A right triangle with integer leg lengths is called cool if the number of square units in its area is equal to five times the number of units in the sum of the lengths of its legs. What is the sum of all the different possible areas of cool right triangles?

Let the legs of the right triangle be a and b. The area of the triangle is (1/2)*a*b and the sum of the lengths of the legs is a+b.

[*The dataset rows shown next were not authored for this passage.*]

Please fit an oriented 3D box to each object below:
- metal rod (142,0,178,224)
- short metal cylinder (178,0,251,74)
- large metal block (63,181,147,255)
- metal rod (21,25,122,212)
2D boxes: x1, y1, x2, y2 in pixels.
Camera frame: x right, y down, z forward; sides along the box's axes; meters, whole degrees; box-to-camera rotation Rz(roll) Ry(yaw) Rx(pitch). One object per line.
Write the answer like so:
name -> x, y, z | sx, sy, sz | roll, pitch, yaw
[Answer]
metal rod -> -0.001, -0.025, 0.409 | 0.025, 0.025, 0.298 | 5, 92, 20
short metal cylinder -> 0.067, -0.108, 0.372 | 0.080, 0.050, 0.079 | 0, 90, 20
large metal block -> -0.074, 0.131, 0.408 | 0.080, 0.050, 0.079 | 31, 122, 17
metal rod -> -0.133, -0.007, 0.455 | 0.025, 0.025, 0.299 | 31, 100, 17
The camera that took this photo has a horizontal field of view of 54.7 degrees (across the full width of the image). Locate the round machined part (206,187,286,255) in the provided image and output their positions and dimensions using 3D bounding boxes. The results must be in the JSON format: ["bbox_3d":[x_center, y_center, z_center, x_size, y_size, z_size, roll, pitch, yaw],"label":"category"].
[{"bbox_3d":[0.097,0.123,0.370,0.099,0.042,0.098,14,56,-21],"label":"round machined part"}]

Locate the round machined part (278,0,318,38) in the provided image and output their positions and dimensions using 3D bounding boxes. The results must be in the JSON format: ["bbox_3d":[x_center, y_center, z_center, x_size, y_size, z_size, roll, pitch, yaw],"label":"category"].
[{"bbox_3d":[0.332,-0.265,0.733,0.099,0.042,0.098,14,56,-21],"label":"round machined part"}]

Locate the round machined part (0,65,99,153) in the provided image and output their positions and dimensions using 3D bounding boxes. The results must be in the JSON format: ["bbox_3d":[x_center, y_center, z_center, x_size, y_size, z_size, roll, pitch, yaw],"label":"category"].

According to the given condition, the area is equal to 5 times the sum of the lengths of the legs:
(1/2)*a*b = 5*(a+b)
a*b = 10*(a+b)

Expanding the right side:
a*b = 10a + 10b

Rearranging terms:
a*b - 10a - 10b = 0
a*b - 10a - 10b + 100 = 100
(a-10)(b-10) = 100

Now we need to find all the pairs of integers whose difference is 10 and product is 100:
(1,100), (2,50), (4,25), (5,20), (10,10)

Therefore, the possible values of a and b are (11,110), (12,60), (14,35), (15,30), (20,20).

The possible areas of the cool right triangles are:
(1/2)*11*110 = 605
(1/2)*12*60 = 360
(1/2)*14*35 = 245
(1/2)*15*30 = 225
(1/2)*20*20 = 200

The sum of all possible areas is 605 + 360 + 245 + 225 + 200 = 1635.

Therefore, the sum of all the different possible areas of cool right triangles is 1635.